© INTERNELe Sénat a adopté jeudi soir le projet de loi antiterroriste de Nicolas Sarkozy, contre lequel PS et PCF, à la différence de ce qui s'était passé à l'Assemblée, auront bataillé ferme pour apporter plus de garanties à la protection des libertés individuelles.
La gauche sénatoriale avait déposé de nombreux amendements pour soumettre au contrôle de la Commission nationale de l'informatique et des libertés (Cnil) les dispositifs de surveillance dont le texte va permettre la mise en place. Ils ont tous été repoussés. "C'est une erreur majeure que de restreindre les libertés sans nécessité", a protesté Jean-Pierre Sueur (PS), tout en réaffirmant, comme tous ses collègues à chacune de leurs interventions, le soutien de son groupe à la lutte contre le terrorisme.
Immobiliser les moyens de transports
Une quarantaine d'amendements ont été adoptés, pour la plupart déposés par le rapporteur Jean-Patrick Courtois (UMP), qui ne modifient pas l'économie générale du texte. Les sénateurs ont ainsi élargi le champ d'application du délit de non justification de ressources correspondant au train de vie, en renversant la charge de la preuve, et alourdi les peines encourues.
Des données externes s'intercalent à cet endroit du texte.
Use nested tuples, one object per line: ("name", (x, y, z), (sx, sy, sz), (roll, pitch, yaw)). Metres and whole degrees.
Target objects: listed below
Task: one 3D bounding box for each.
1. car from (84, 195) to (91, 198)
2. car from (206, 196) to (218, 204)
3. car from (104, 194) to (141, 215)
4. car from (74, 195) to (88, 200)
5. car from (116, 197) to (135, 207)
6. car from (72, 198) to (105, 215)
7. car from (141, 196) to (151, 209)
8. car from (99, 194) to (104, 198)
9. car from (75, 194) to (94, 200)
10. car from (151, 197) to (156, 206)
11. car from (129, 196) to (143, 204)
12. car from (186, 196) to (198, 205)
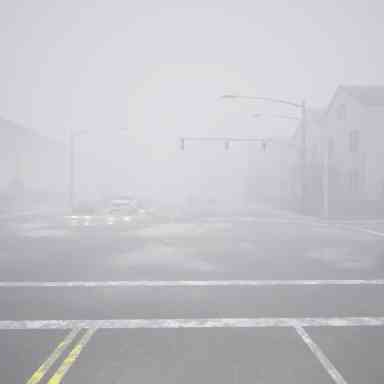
("car", (-28.151, 1.453, 84.337), (2.038, 1.542, 4.974), (0, 0, -36))
("car", (3.620, 1.526, 61.196), (1.812, 1.442, 4.674), (0, 0, 0))
("car", (-7.089, 1.221, 34.646), (2.150, 2.045, 5.566), (0, 0, 0))
("car", (-28.182, 1.295, 84.378), (1.853, 1.218, 4.536), (0, 0, -36))
("car", (-10.578, 1.547, 53.120), (2.033, 1.411, 5.357), (0, 0, 0))
("car", (-10.589, 1.564, 33.615), (1.994, 1.385, 4.181), (0, 0, 0))
("car", (-7.084, 1.505, 44.199), (1.837, 1.490, 4.892), (0, 0, 0))
("car", (-10.585, 1.221, 42.875), (2.150, 2.045, 5.566), (0, 0, 0))
("car", (-28.939, 1.453, 89.704), (2.038, 1.542, 4.974), (0, 0, 29))
("car", (-7.070, 1.478, 54.587), (1.882, 1.535, 5.008), (0, 0, 0))
("car", (-10.523, 1.526, 63.202), (1.812, 1.442, 4.674), (0, 0, 1))
("car", (0.020, 1.492, 58.605), (2.128, 1.511, 4.902), (0, 0, 0))
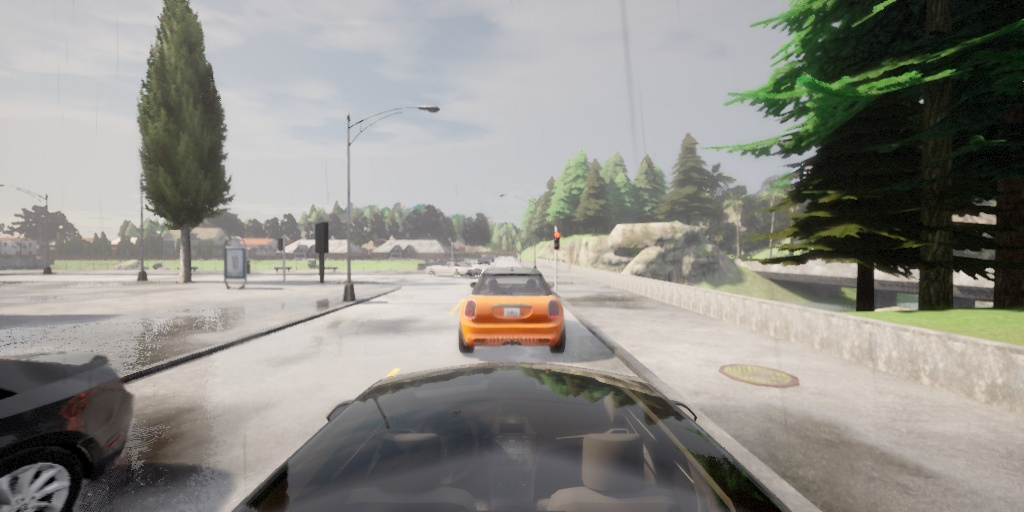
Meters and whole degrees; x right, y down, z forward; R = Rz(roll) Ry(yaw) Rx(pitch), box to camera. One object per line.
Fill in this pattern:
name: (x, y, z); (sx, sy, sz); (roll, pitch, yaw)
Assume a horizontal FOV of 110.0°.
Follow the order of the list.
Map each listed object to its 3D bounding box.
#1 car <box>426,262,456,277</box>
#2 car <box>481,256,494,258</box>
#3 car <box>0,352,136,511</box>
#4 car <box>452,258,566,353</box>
car: (-4.972, 1.139, 29.942); (4.718, 1.301, 1.895); (0, 0, 33)
car: (-4.576, 0.815, 60.197); (1.837, 1.490, 4.892); (0, 1, 0)
car: (-4.084, 1.261, 0.931); (1.837, 1.490, 4.892); (0, 0, 0)
car: (-0.001, 1.049, 8.814); (2.097, 1.767, 4.553); (0, 0, 0)

A l'initiative du groupe UMP, une disposition a été votée, qui permet à la police nationale de "faire usage de matériels appropriés pour immobiliser les moyens de transport". Il s'agit de légaliser l'usage d'autres moyens que les herses, seules autorisées par les textes en vigueur, dans trois cas: refus d'arrêt après sommations, comportement du conducteur ou des passagers "de nature à mettre délibérément en danger la vie d'autrui ou d'eux-mêmes", "crime ou délit flagrant".
Creuser les inégalités ?
La principale objection des sénateurs socialistes au texte, sur lequel leurs collègues députés s'étaient abstenus, réside dans l'"amalgame" qu'il opère, selon eux, "entre terroristes, délinquants et immigrants". "Vous creusez le sillon de la xénophobie et du racisme", s'est insurgée l'ancienne ministre Catherine Tasca. Ils se sont également prévalus d'un avis de la Commission nationale consultative des droits de l'Homme (CNCDH) qui a critiqué jeudi, dans une note remise au Premier ministre, plusieurs dispositions du projet de loi.
Pour le PCF, Eliane Assassi a appelé à ne pas confondre le terrorisme, que son groupe "condamne avec la plus grande fermeté", avec "la résistance des peuples qui défendent leur indépendance et leur liberté". Elle a préconisé de "s'attaquer aux causes": le "creusement des inégalités entre pays riches et pauvres, toutes les tensions qui font le miel des extrémistes".
Le projet de loi était examiné en procédure d'urgence, avec une seule lecture dans chacune des deux assemblées. Il appartiendra à une commission mixte paritaire, composée de 14 députés et sénateurs, d'en proposer une rédaction commune aux deux chambres, qui sera votée avant Noël.